Tout ce que l'enfant exprime par des formes est l'expression jaillissante de l'impalpable vie de son esprit, d'un monde qui n'est pas aussi simple que les adultes l'imaginent. Nous oublions trop souvent que l'âme enfantine est une perpétuelle naissance, qu'elle est en formation toujours recommencée, qu'elle a ses gouffres, ses profondeurs et ses ténèbres comme ses illuminations et ses sortilèges. Elle se tient sur un autre plan que la nôtre et elle a tous les droits de l'élucider, de se manifester par l'art.

Si j'avance que ses créations sont à l'état pur, sans ruses ni intermédiaires artificiels, cela ne veut nullement dire qu'elles sont « primitives », sans pivot, ni moyens d'expression. Elles portent à leur source, à leur extrême pointe, leur propre science puisée en elles-mêmes, une connaissance infuse de leurs pouvoirs, une connaissance instinctive, certes, mais dirigée et loin des stérilisantes joutes de l'art adulte depuis longtemps ossifié. Elles sont aussi loin de ce que l'on appelle de nos jours le « naïvisme », imposture de la peinture contemporaine qui, ayant fait fausse route en se perdant dans l'abstrait, cherche à se réhabiliter et s'ingénie à faire ingénu en singeant justement l'enfant qui dessine ou peint, en se donnant des allures d'enfant qui ne sont que des allures de vieillard.

Autre chose que cet art enfantin qui bouge, est mouvement, ne s'embarrasse ni de la perspective ni des lois étroites et strictes, avec cette fraîcheur de la couleur et des lignes enlevées d'un envol, dans sa gaucherie qui n'est ni voulue, ni recherchée, sans technique, mais qui se calque sur ce qui est vie. Que l'on ne s'imagine pas que l'enfant, crayon ou pinceau en main, jette sur le papier des figures inconscientes. Elles sont au contraire le fruit médité d'une tâtonnante recherche intérieure surgie à la bouche de la source, dans le flot venue du fin fond de cette source qui a eu le temps, dans son parcours, de se diriger, de se faire.
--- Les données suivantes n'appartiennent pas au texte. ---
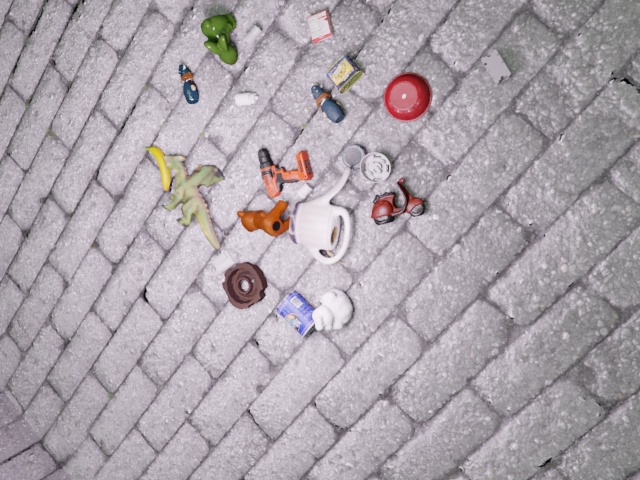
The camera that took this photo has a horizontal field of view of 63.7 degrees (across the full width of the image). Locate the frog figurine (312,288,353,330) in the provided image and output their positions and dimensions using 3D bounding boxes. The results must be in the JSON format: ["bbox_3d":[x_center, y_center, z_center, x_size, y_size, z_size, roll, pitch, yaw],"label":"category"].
[{"bbox_3d":[0.040,0.242,1.766,0.122,0.160,0.137,-6,94,22],"label":"frog figurine"}]

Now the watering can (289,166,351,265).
[{"bbox_3d":[0.005,-0.089,1.776,0.225,0.104,0.345,9,100,22],"label":"watering can"}]

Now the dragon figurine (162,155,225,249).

Elles ressemblent, ces figures, à tout ce qui jaillit des genèses dans lesquelles se dévident les ténèbres illuminantes de ce qui naît, respire, enfin vit, et coulées dans une perfection d'un autre ordre que la règle d'or d'autrefois, trouvée d'emblée par la main de l'enfant à laquelle aboutit son esprit, cette main qui pense et sent mais par d'autres voies que les nôtres.

   

Je pense en écrivant ces lignes, à ce que Picasso confiait à Brassaï : « Quand je vois dessiner les gosses dans la rue, sur l'asphalte ou sur les murs, je m'arrête toujours... On est surpris de ce qui sort de leurs mains. Ils m'apprennent toujours quelque chose... » Matisse disait de même un jour en rendant visite à une exposition de dessins d'enfants : « J'ai tout à apprendre de cet art ». Car c'est un art qui prend à peine son essor, visionnaire, fluide, se déroulant sur des registres neufs et qui pourrait bien montrer la direction aux peintres déchirés entre eux-mêmes et les lois externes que des siècles de peinture leur imposent en les étouffant dans des carcans qui tuent leur inspiration, bouleversent et épuisent la rigueur spontanée des images. Et c'est l'honneur de la revue Art Enfantin d'avoir la première ouvert la voie à ces créations ruisselantes d'une beauté « autre » et de nous convier à nous pencher sur leurs frémissantes visions qui nous ramènent au domaine que nous gardons dans le fatras de nos idéologies rationalistes et dont nous portons la nostalgie, le domaine miraculeux de notre enfance.